**ASSIGNED TASK**
For this exercise, write each entry below out precisely and omit the pictures.

Stored data:
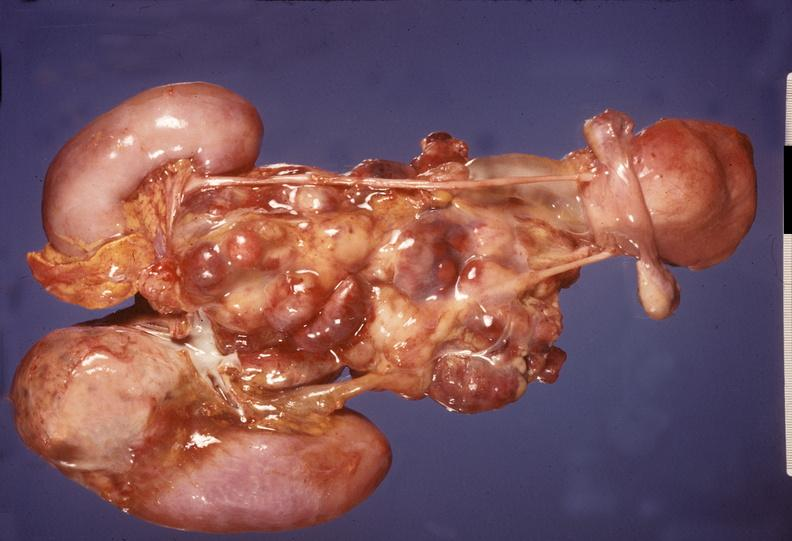s aldehyde fuscin present?
Answer the question using a single word or phrase. No 
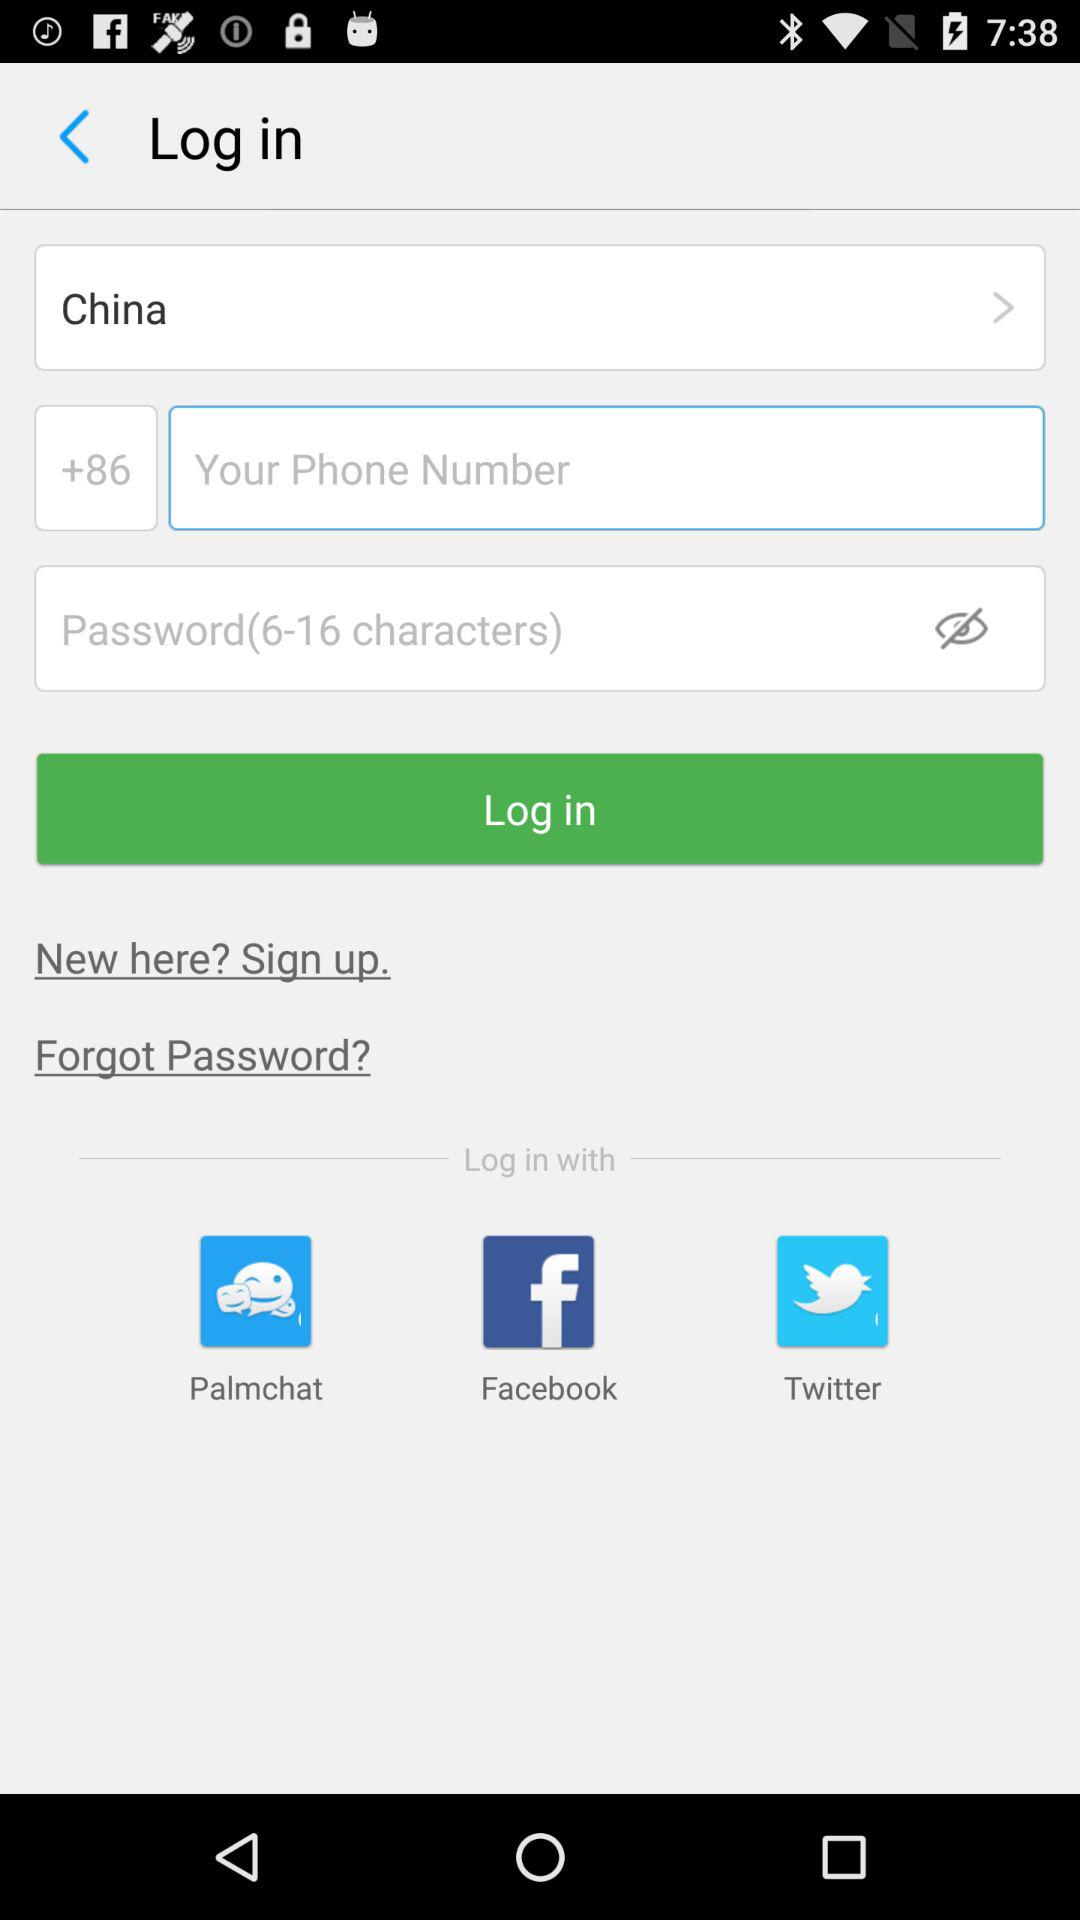Through what application can be log in? You can login with Palmchat, Facebook, and Twitter. 
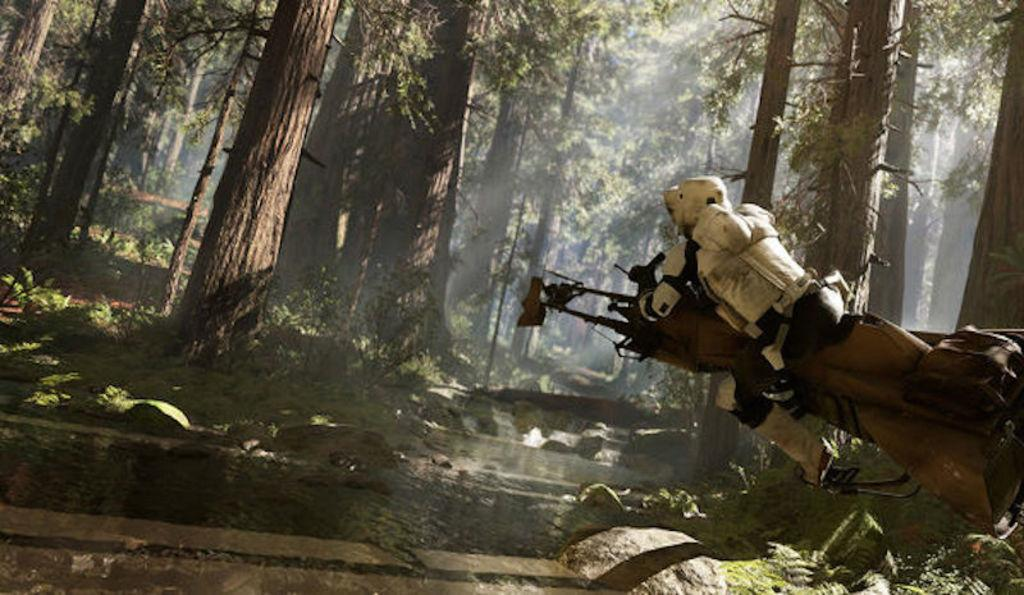What can be seen on the right side of the image? There is a person on the right side of the image. What is the person wearing? The person is wearing a white jacket. What type of environment is visible in the background of the image? There are trees and water visible in the background of the image. What rhythm is the person dancing to in the image? There is no indication of dancing or rhythm in the image; the person is simply standing on the right side. 
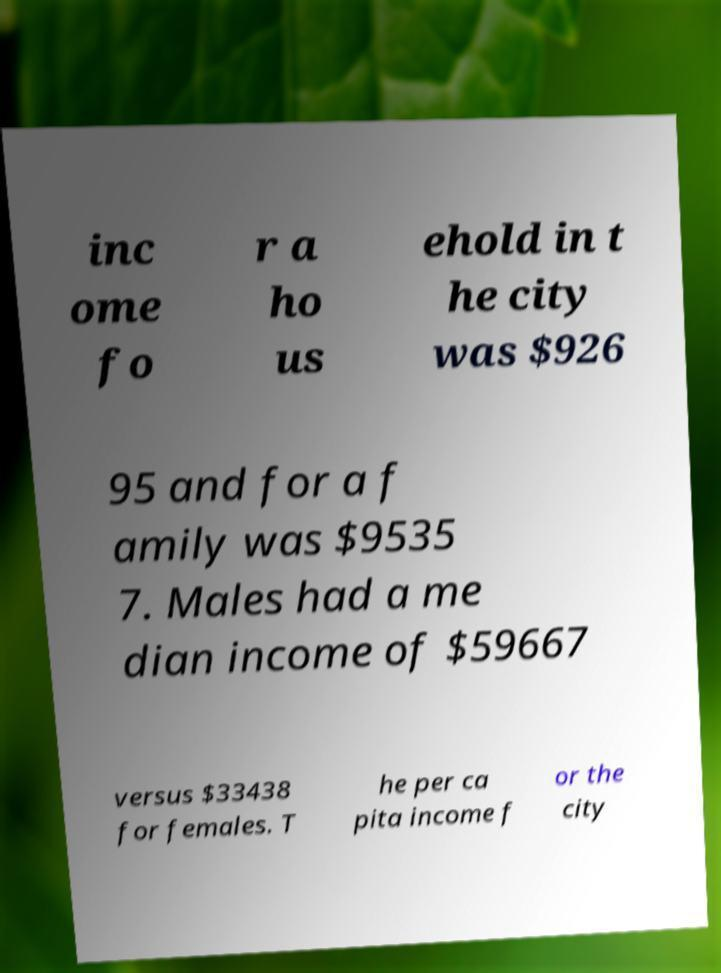Please read and relay the text visible in this image. What does it say? inc ome fo r a ho us ehold in t he city was $926 95 and for a f amily was $9535 7. Males had a me dian income of $59667 versus $33438 for females. T he per ca pita income f or the city 
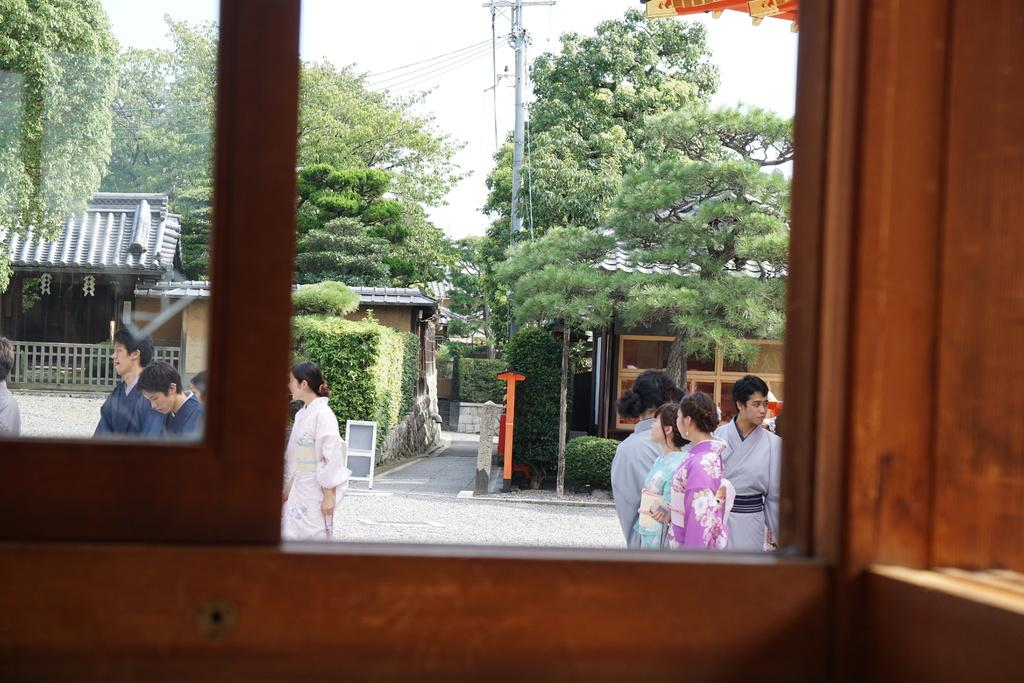What is the vantage point of the image? The image is taken from the view of a window. What can be seen outside the window? There are houses, trees, poles with wires, and a board on the road visible behind the window. Are there any living beings visible in the image? Yes, there are people visible in the image. What is visible in the sky in the image? The sky is visible in the image. What type of gold territory can be seen in the image? There is no gold territory present in the image. Can you tell me how many forks are visible in the image? There are no forks visible in the image. 
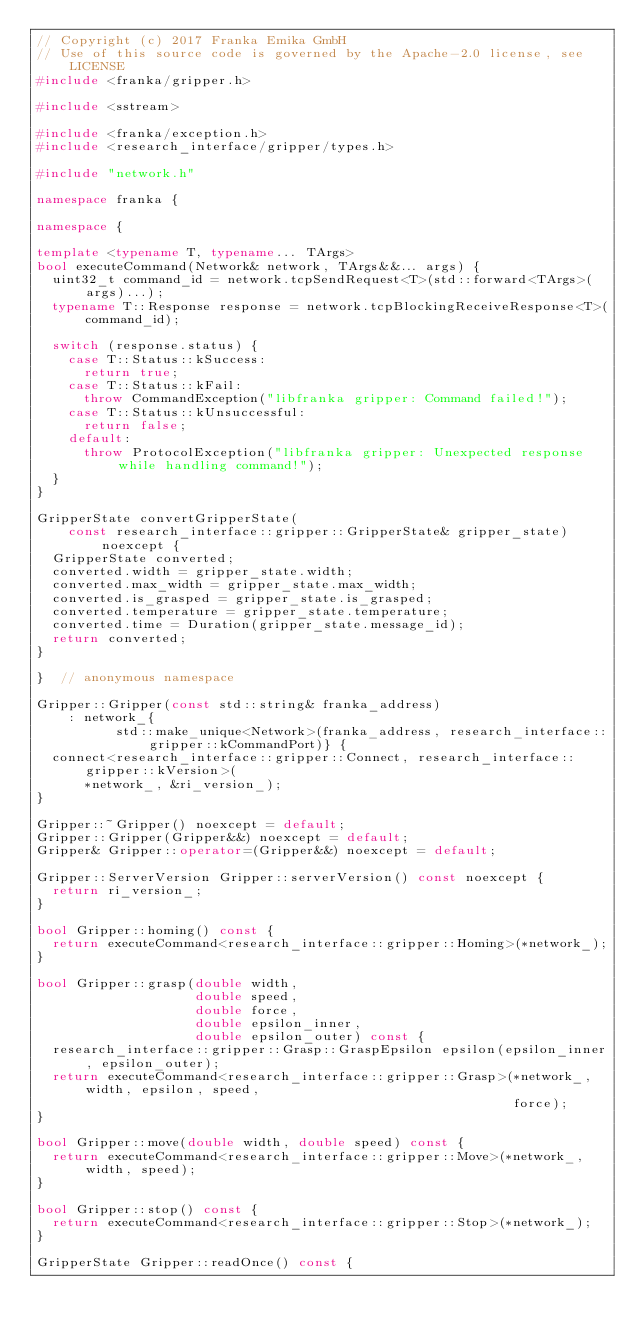Convert code to text. <code><loc_0><loc_0><loc_500><loc_500><_C++_>// Copyright (c) 2017 Franka Emika GmbH
// Use of this source code is governed by the Apache-2.0 license, see LICENSE
#include <franka/gripper.h>

#include <sstream>

#include <franka/exception.h>
#include <research_interface/gripper/types.h>

#include "network.h"

namespace franka {

namespace {

template <typename T, typename... TArgs>
bool executeCommand(Network& network, TArgs&&... args) {
  uint32_t command_id = network.tcpSendRequest<T>(std::forward<TArgs>(args)...);
  typename T::Response response = network.tcpBlockingReceiveResponse<T>(command_id);

  switch (response.status) {
    case T::Status::kSuccess:
      return true;
    case T::Status::kFail:
      throw CommandException("libfranka gripper: Command failed!");
    case T::Status::kUnsuccessful:
      return false;
    default:
      throw ProtocolException("libfranka gripper: Unexpected response while handling command!");
  }
}

GripperState convertGripperState(
    const research_interface::gripper::GripperState& gripper_state) noexcept {
  GripperState converted;
  converted.width = gripper_state.width;
  converted.max_width = gripper_state.max_width;
  converted.is_grasped = gripper_state.is_grasped;
  converted.temperature = gripper_state.temperature;
  converted.time = Duration(gripper_state.message_id);
  return converted;
}

}  // anonymous namespace

Gripper::Gripper(const std::string& franka_address)
    : network_{
          std::make_unique<Network>(franka_address, research_interface::gripper::kCommandPort)} {
  connect<research_interface::gripper::Connect, research_interface::gripper::kVersion>(
      *network_, &ri_version_);
}

Gripper::~Gripper() noexcept = default;
Gripper::Gripper(Gripper&&) noexcept = default;
Gripper& Gripper::operator=(Gripper&&) noexcept = default;

Gripper::ServerVersion Gripper::serverVersion() const noexcept {
  return ri_version_;
}

bool Gripper::homing() const {
  return executeCommand<research_interface::gripper::Homing>(*network_);
}

bool Gripper::grasp(double width,
                    double speed,
                    double force,
                    double epsilon_inner,
                    double epsilon_outer) const {
  research_interface::gripper::Grasp::GraspEpsilon epsilon(epsilon_inner, epsilon_outer);
  return executeCommand<research_interface::gripper::Grasp>(*network_, width, epsilon, speed,
                                                            force);
}

bool Gripper::move(double width, double speed) const {
  return executeCommand<research_interface::gripper::Move>(*network_, width, speed);
}

bool Gripper::stop() const {
  return executeCommand<research_interface::gripper::Stop>(*network_);
}

GripperState Gripper::readOnce() const {</code> 
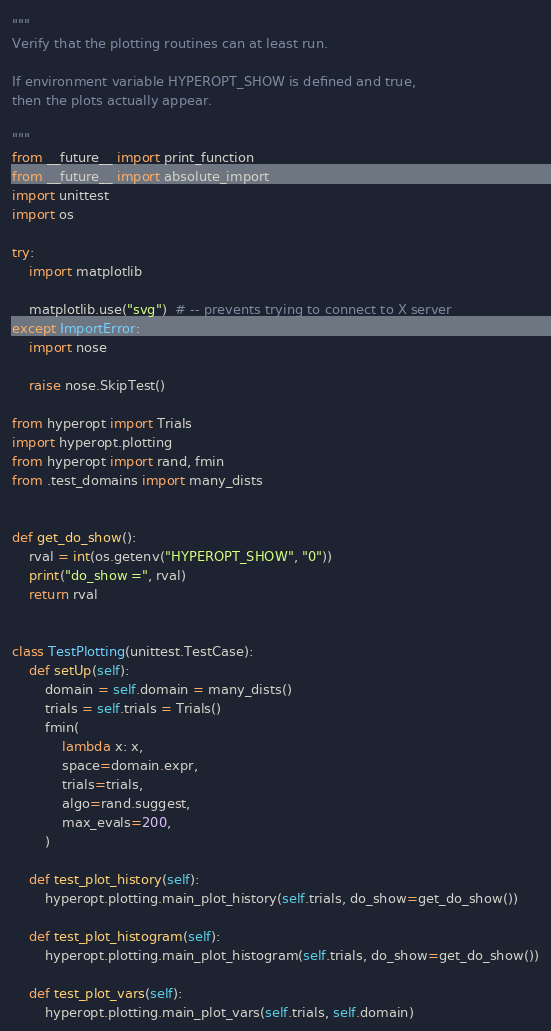Convert code to text. <code><loc_0><loc_0><loc_500><loc_500><_Python_>"""
Verify that the plotting routines can at least run.

If environment variable HYPEROPT_SHOW is defined and true,
then the plots actually appear.

"""
from __future__ import print_function
from __future__ import absolute_import
import unittest
import os

try:
    import matplotlib

    matplotlib.use("svg")  # -- prevents trying to connect to X server
except ImportError:
    import nose

    raise nose.SkipTest()

from hyperopt import Trials
import hyperopt.plotting
from hyperopt import rand, fmin
from .test_domains import many_dists


def get_do_show():
    rval = int(os.getenv("HYPEROPT_SHOW", "0"))
    print("do_show =", rval)
    return rval


class TestPlotting(unittest.TestCase):
    def setUp(self):
        domain = self.domain = many_dists()
        trials = self.trials = Trials()
        fmin(
            lambda x: x,
            space=domain.expr,
            trials=trials,
            algo=rand.suggest,
            max_evals=200,
        )

    def test_plot_history(self):
        hyperopt.plotting.main_plot_history(self.trials, do_show=get_do_show())

    def test_plot_histogram(self):
        hyperopt.plotting.main_plot_histogram(self.trials, do_show=get_do_show())

    def test_plot_vars(self):
        hyperopt.plotting.main_plot_vars(self.trials, self.domain)
</code> 
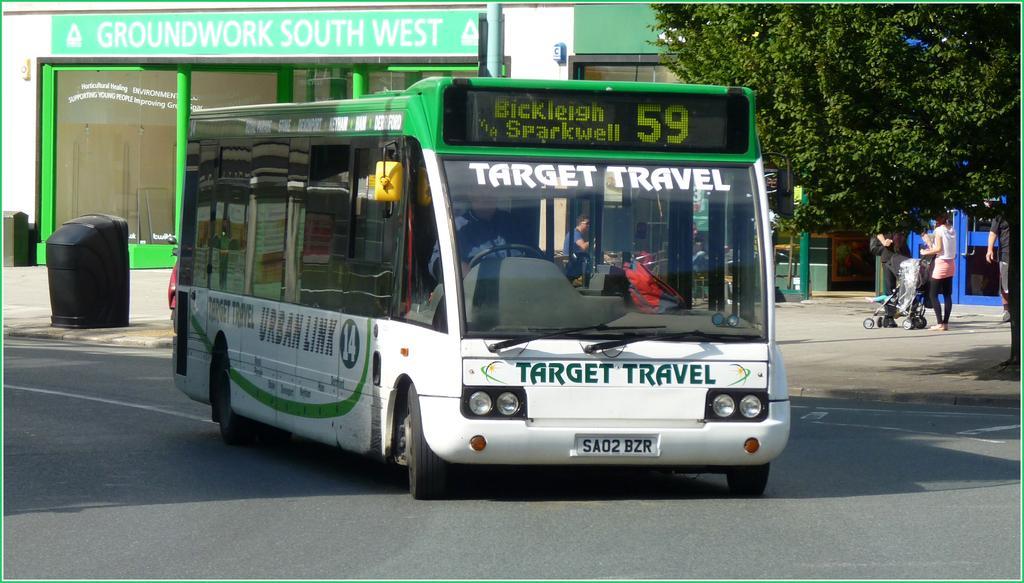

**RESPONSE BOX**
s aldehyde fuscin present?
Answer the question using a single word or phrase. No 
Through what application can be log in? You can login with Palmchat, Facebook, and Twitter. 
What can be seen on the right side of the image? There is a person on the right side of the image. What is the person wearing? The person is wearing a white jacket. What type of environment is visible in the background of the image? There are trees and water visible in the background of the image. What rhythm is the person dancing to in the image? There is no indication of dancing or rhythm in the image; the person is simply standing on the right side. 
Please read and relay the text visible in this image. What does it say? inc ome fo r a ho us ehold in t he city was $926 95 and for a f amily was $9535 7. Males had a me dian income of $59667 versus $33438 for females. T he per ca pita income f or the city 
What is the vantage point of the image? The image is taken from the view of a window. What can be seen outside the window? There are houses, trees, poles with wires, and a board on the road visible behind the window. Are there any living beings visible in the image? Yes, there are people visible in the image. What is visible in the sky in the image? The sky is visible in the image. What type of gold territory can be seen in the image? There is no gold territory present in the image. Can you tell me how many forks are visible in the image? There are no forks visible in the image. 
Convert code to text. <code><loc_0><loc_0><loc_500><loc_500><_C++_>// Copyright (c) 2017 Franka Emika GmbH
// Use of this source code is governed by the Apache-2.0 license, see LICENSE
#include <franka/gripper.h>

#include <sstream>

#include <franka/exception.h>
#include <research_interface/gripper/types.h>

#include "network.h"

namespace franka {

namespace {

template <typename T, typename... TArgs>
bool executeCommand(Network& network, TArgs&&... args) {
  uint32_t command_id = network.tcpSendRequest<T>(std::forward<TArgs>(args)...);
  typename T::Response response = network.tcpBlockingReceiveResponse<T>(command_id);

  switch (response.status) {
    case T::Status::kSuccess:
      return true;
    case T::Status::kFail:
      throw CommandException("libfranka gripper: Command failed!");
    case T::Status::kUnsuccessful:
      return false;
    default:
      throw ProtocolException("libfranka gripper: Unexpected response while handling command!");
  }
}

GripperState convertGripperState(
    const research_interface::gripper::GripperState& gripper_state) noexcept {
  GripperState converted;
  converted.width = gripper_state.width;
  converted.max_width = gripper_state.max_width;
  converted.is_grasped = gripper_state.is_grasped;
  converted.temperature = gripper_state.temperature;
  converted.time = Duration(gripper_state.message_id);
  return converted;
}

}  // anonymous namespace

Gripper::Gripper(const std::string& franka_address)
    : network_{
          std::make_unique<Network>(franka_address, research_interface::gripper::kCommandPort)} {
  connect<research_interface::gripper::Connect, research_interface::gripper::kVersion>(
      *network_, &ri_version_);
}

Gripper::~Gripper() noexcept = default;
Gripper::Gripper(Gripper&&) noexcept = default;
Gripper& Gripper::operator=(Gripper&&) noexcept = default;

Gripper::ServerVersion Gripper::serverVersion() const noexcept {
  return ri_version_;
}

bool Gripper::homing() const {
  return executeCommand<research_interface::gripper::Homing>(*network_);
}

bool Gripper::grasp(double width,
                    double speed,
                    double force,
                    double epsilon_inner,
                    double epsilon_outer) const {
  research_interface::gripper::Grasp::GraspEpsilon epsilon(epsilon_inner, epsilon_outer);
  return executeCommand<research_interface::gripper::Grasp>(*network_, width, epsilon, speed,
                                                            force);
}

bool Gripper::move(double width, double speed) const {
  return executeCommand<research_interface::gripper::Move>(*network_, width, speed);
}

bool Gripper::stop() const {
  return executeCommand<research_interface::gripper::Stop>(*network_);
}

GripperState Gripper::readOnce() const {</code> 
Convert code to text. <code><loc_0><loc_0><loc_500><loc_500><_Python_>"""
Verify that the plotting routines can at least run.

If environment variable HYPEROPT_SHOW is defined and true,
then the plots actually appear.

"""
from __future__ import print_function
from __future__ import absolute_import
import unittest
import os

try:
    import matplotlib

    matplotlib.use("svg")  # -- prevents trying to connect to X server
except ImportError:
    import nose

    raise nose.SkipTest()

from hyperopt import Trials
import hyperopt.plotting
from hyperopt import rand, fmin
from .test_domains import many_dists


def get_do_show():
    rval = int(os.getenv("HYPEROPT_SHOW", "0"))
    print("do_show =", rval)
    return rval


class TestPlotting(unittest.TestCase):
    def setUp(self):
        domain = self.domain = many_dists()
        trials = self.trials = Trials()
        fmin(
            lambda x: x,
            space=domain.expr,
            trials=trials,
            algo=rand.suggest,
            max_evals=200,
        )

    def test_plot_history(self):
        hyperopt.plotting.main_plot_history(self.trials, do_show=get_do_show())

    def test_plot_histogram(self):
        hyperopt.plotting.main_plot_histogram(self.trials, do_show=get_do_show())

    def test_plot_vars(self):
        hyperopt.plotting.main_plot_vars(self.trials, self.domain)
</code> 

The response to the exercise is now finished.